A deal has been struck in which Keighley College's town centre buildings will be sold for £3.8 million.

The college, which is due to build a new £25 million campus, expects to sign the deal with Bradford Council by the end of the month.

The authority will buy the buildings using cash provided through regional development agency Yorkshire Forward.

The college will pay a peppercorn rent to the Council for the next two years while developing its new site in Dalton Lane.

The sale of the two Cavendish Street buildings will clear the way for land deals at the new site.

Negotiations are going on for the Council to buy the Richard Craven electrical store - in the former Station Hotel - at the top of Dalton Lane. The site, next to Keighley railway station, is needed if the new college is to be a flagship building fronting onto Bradford Road.

Council and Government departments believe such a prestigious development will drive the regeneration of the Aire Valley as set out in the area's masterplan.

The new college plan was revealed in April 2003 and should have been ready to open this September but has been plagued by delays.

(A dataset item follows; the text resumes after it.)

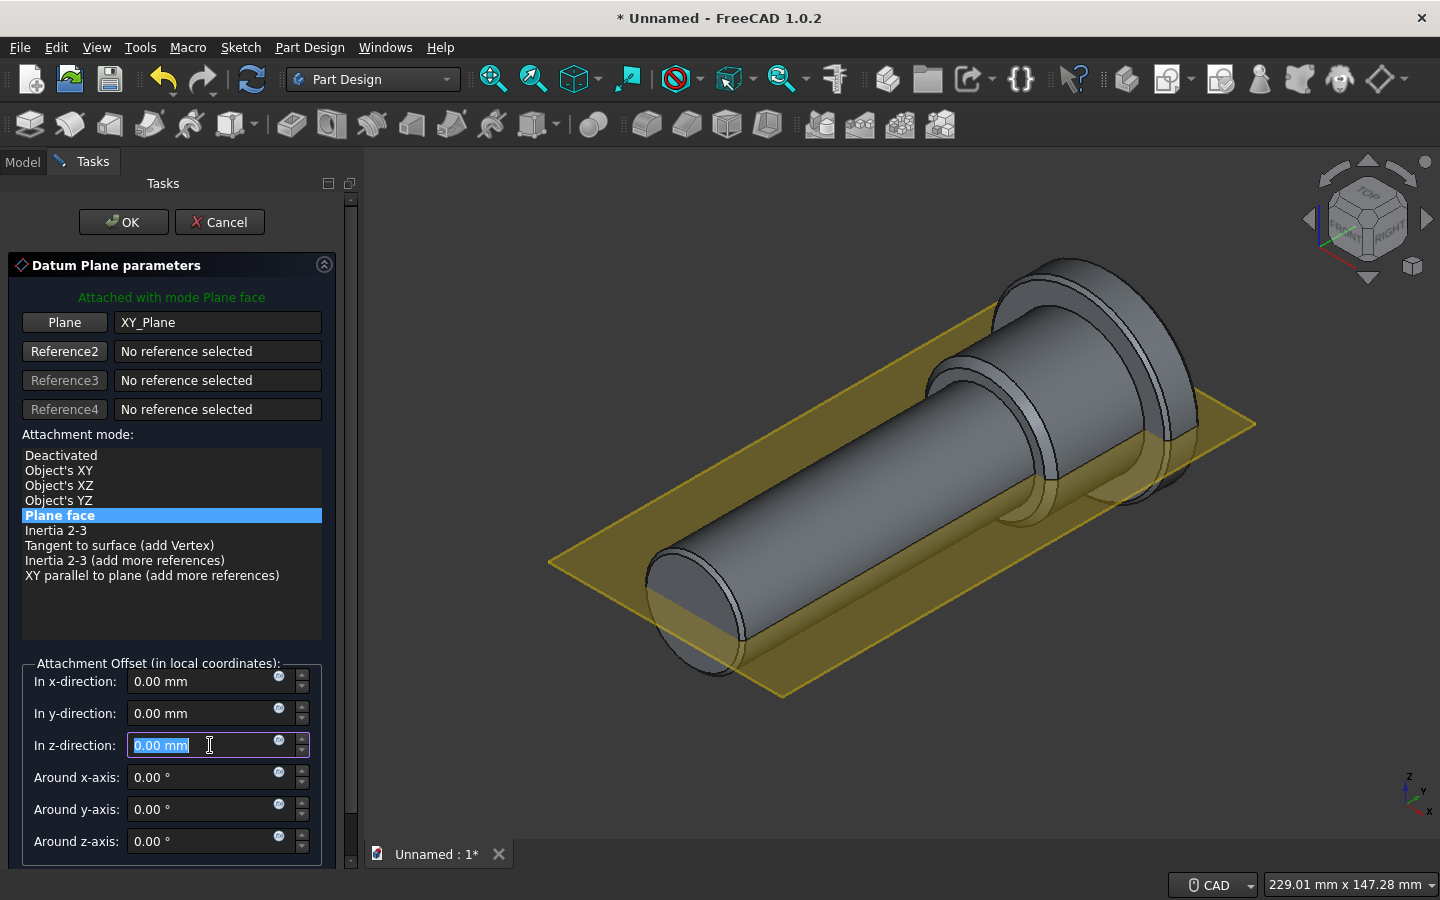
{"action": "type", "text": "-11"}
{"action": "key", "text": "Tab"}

Architects will meet next Thursday to decide a schedule for submitting a planning application to Bradford Council.

College principal Chris Moore said detailed blueprints had been drawn up but minor changes might be made over the next few weeks.

She said: "The building is a symbol of the quality of further education in Keighley but it's an organisation about people, not bricks and mortar."

And she hoped the new college would be ready for students to move in by 2008.

Councillor Andrew Mallinson, Bradford Council's regeneration chief, said contracts had not yet been finalised for the purchase of the existing college buildings.

He said: "Yorkshire Forward is supplying the money to us to buy the college. The Council will be the accountable body for the building.

"I think we are still some way off getting the new college project underway. I have a meeting with the college within the next month to look at their forward plan and strategy."

A spokesman for Yorkshire Forward said the Council was the most suitable body to buy the existing buildings because it already owned property around the town centre.